A morphism $f:X\to Y$ is a retraction if it has a right-inverse ("section"), i.e. a morphism $g:Y\to X$ such that $f\circ g=1_Y$.
It's clear that all sections are injective morphisms (and thus monomorphisms), and all retractions are surjective morphisms (and thus epimorphisms). Of course, these intermediaries are not category-theoretic.

One may define an isomorphism, denoted $f:X\leftrightarrow Y$, as a morphism that is both a section and a retraction. Here are some theorems about it:
An isomorphism has a two-sided inverse morphism.
Given $g_1\circ f=1_X$, $f\circ g_2=1_Y$ -- by considering $g_1\circ f\circ g_2$, we see that $g_1=g_2$.
A morphism that is both a monomorphism and a retraction is an isomorphism.
Since $f$ is a retraction, $f \circ g = {1_Y}$ -- so $f \circ g \circ f = f$. Left-cancelling (since $f$ is a monomorphism), $g\circ f = 1_Y$, thus $f$ is a section.
A morphism that is both a section and a epimorphism is an isomorphism.
Analogous to above.


Subobjects

In our minds, a sub-object is a subset that also carries the structure of that category -- in other words, it's isomorphic to another object in that category.

It's natural to identify the subobjects of $X$ then with injections (or rather monomorphisms) into $X$ (not with the domains of the injections, as they may have multiple embeddings into $X$). But the identification is not one-to-one -- multiple injections may have the same image. In general, two monomorphisms $g_1:S_1\hookrightarrow X$, $g_2:S_2\hookrightarrow X$ having the same image is an equivalence relation, expressible as:
$$\exists i:S_1\leftrightarrow S_2,\ g_1=g_2\circ i$$
So we identify the equivalence classes of monomorphisms into an object with its subobjects.

An alternate motivation for our definition of a subobject comes from the subspace topology (and vice versa), which is defined in terms of continuous inclusion maps. Of course, in our definition here, we allow the subspace topology to be any topology that allows an injective continuous map to the space, but the standard definition in topology asks for the coarsest such topology (i.e. the "least continuous" such map). Later, we will study some refined definitions of a lot of ideas here that may apply better to specific categories.



Quotient objects

The natural way to think of quotient objects in category theory is in terms of the first isomorphism theorem, which states that the quotient objects are the images of surjections from the object -- kinda "dual" to how subobjects are the images of injections into the object (keep this notion of "duality" in mind).

You might be afraid that this kind of defeats the point, since we'd like to eventually prove the First Isomorphism Theorem in category theory.
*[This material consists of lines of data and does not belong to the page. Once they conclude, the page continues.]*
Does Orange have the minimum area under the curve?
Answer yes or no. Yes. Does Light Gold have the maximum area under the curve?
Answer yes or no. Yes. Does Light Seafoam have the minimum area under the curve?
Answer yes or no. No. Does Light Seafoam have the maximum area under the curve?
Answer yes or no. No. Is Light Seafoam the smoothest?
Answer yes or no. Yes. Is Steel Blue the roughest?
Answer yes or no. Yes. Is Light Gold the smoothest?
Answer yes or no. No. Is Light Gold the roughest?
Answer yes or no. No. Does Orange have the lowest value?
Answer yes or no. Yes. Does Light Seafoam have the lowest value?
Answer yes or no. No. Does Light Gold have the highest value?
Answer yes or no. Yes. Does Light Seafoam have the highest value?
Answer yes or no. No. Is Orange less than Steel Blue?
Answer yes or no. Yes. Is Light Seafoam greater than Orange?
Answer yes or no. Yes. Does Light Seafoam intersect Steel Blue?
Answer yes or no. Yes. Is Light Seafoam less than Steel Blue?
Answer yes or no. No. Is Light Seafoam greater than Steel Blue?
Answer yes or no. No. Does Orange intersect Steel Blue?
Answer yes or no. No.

Well, we'll do so with some other more category-specific definition of quotients, etc. so the First Isomorphism Theorem would simply be a demonstration that these two definitions are equivalent.
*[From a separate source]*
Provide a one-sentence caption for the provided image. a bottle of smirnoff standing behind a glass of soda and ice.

But once again, just identifying the quotient objects with epimorphisms overcounts them -- a single quotient can map to multiple different isomorphic things. So, as before, we write down an equivalence relation between epimorphisms from $X$: two epimorphisms $g_1:X\twoheadrightarrow Q_1$, $g_2:X\twoheadrightarrow Q_2$ are equivalent if:
$$\exists i: Q_1\leftrightarrow Q_2,\ g_2=i\circ g_1$$
So we identify these equivalence classes of epimorphisms as the quotient objects of an object $X$.



Products

One can take inspiration from the product topology, and think of the product of some objects as the object with the "least information" that still allows morphisms to each object. So we define:
Given a collection $X_i$ of objects, we define their product $\prod X_i$ as a collection of morphisms $\pi_i:X\to X_i$ such that:
  1. For any other collection of morphisms $\pi'_i:X'\to X_i$, $\exists! u: X' \to X$ such that $\pi'_i=\pi_i\circ u$.
Question: what does the empty product look like? This definition seems a bit bad for this purpose. We'll develop some more general machinery in the next article or so.



Sums (aka "coproducts")

Shockingly enough, the "opposite" or "dual" of the above. Direct sums of vector spaces can be seen as the "smallest possible" (i.e. embedding into most possible things, i.e. having most possible information) vector space permitting morphisms from each vector space. Another example would be the disjoint union of sets. Perhaps this is even clearer with the free product of groups, where the free product is the object with the "most information possible" arising from your groups.
Given a collection $X_i$ of objects, we define their sum $\coprod X_i$ as a collection of morphisms $\varpi_i:X_i\to X$ such that:
  1. For any other collection of morphisms $\varpi'_i:X_i\to X'$, $\exists! u: X \to X'$ such that $\varpi'_i=u\circ \varpi_i$.
Because of its "dual" appearance to the product (which we will soon see described more generally), the sum is often known as the "coproduct".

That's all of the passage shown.